Have used it a good few times,it comes from the same makers of the pin wheel hygetropin.it's gtg.


----------



## Mr H (Nov 14, 2005)

Anthony83 said:


> Have used it a good few times,it comes from the same makers of the pin wheel hygetropin.it's gtg.


was beginning to think there was not much of this stuff about after over 100 views and only 3 people who have used or heard about it


----------



## bigmitch69 (May 14, 2008)

I have heard of it but never used it.


----------



## 3752 (Jan 7, 2005)

I have used it many times, very good GH made by the original makers of hyge(pinwheel)......


----------



## Mr H (Nov 14, 2005)

Pscarb said:


> I have used it many times, very good GH made by the original makers of hyge(pinwheel)......


thanks Paul,

am struggling with the cts its a killer but thats my own fault for not starting off on a low dose and ramping up! am back down to 3ius ed after being on 10ius ed but still cant butter my toast etc so shall i go right down to 1iu? or have a break and start again once gone? how long does it last for any advice?


----------



## Anthony83 (Jun 9, 2009)

I'd would stay at the 3iu.it will subside in a few wks.3iu is a fairly low dose.


----------



## 3752 (Jan 7, 2005)

As you know CTS are side effect of to much growth for your body to handle if the side effect continues for more than 4-5 days then reduce it more, 3iu dose is high for some and low for others......


----------



## LOCUST (May 4, 2006)

Ive just started on 1st time gh use at 2iu a day been about 2 and a half week and im getting gts lightly so i will stay on this for a while maybe a month,

I got very bad cts using cjc & ghrp 6 so bad i couldnt open my fingers.

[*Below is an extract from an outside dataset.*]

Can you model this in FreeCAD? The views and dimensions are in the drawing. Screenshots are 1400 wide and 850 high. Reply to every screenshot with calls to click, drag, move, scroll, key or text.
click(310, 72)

Paul, If you suffer sides on low doses does that mean in general you could use a lower dose to get results ?


----------



## bigkiwi (Oct 2, 2008)

I used Getropin about a year ago after switching from Hyges. Used the same dose (@10ius) and didn't get the same degree of pins and needles in hands. I felt generally better on Hyges. Now using Rips (@10ius) and find them about the same as Getropin but not as good as Hyges. Hope this helps....


----------



## Clubber Lang (Nov 4, 2009)

Mr H said:


> i see there is plenty of people using rips, kigs and hyge but has anybody tried getropin???? i dont see anyone mention this gh is it a new lab????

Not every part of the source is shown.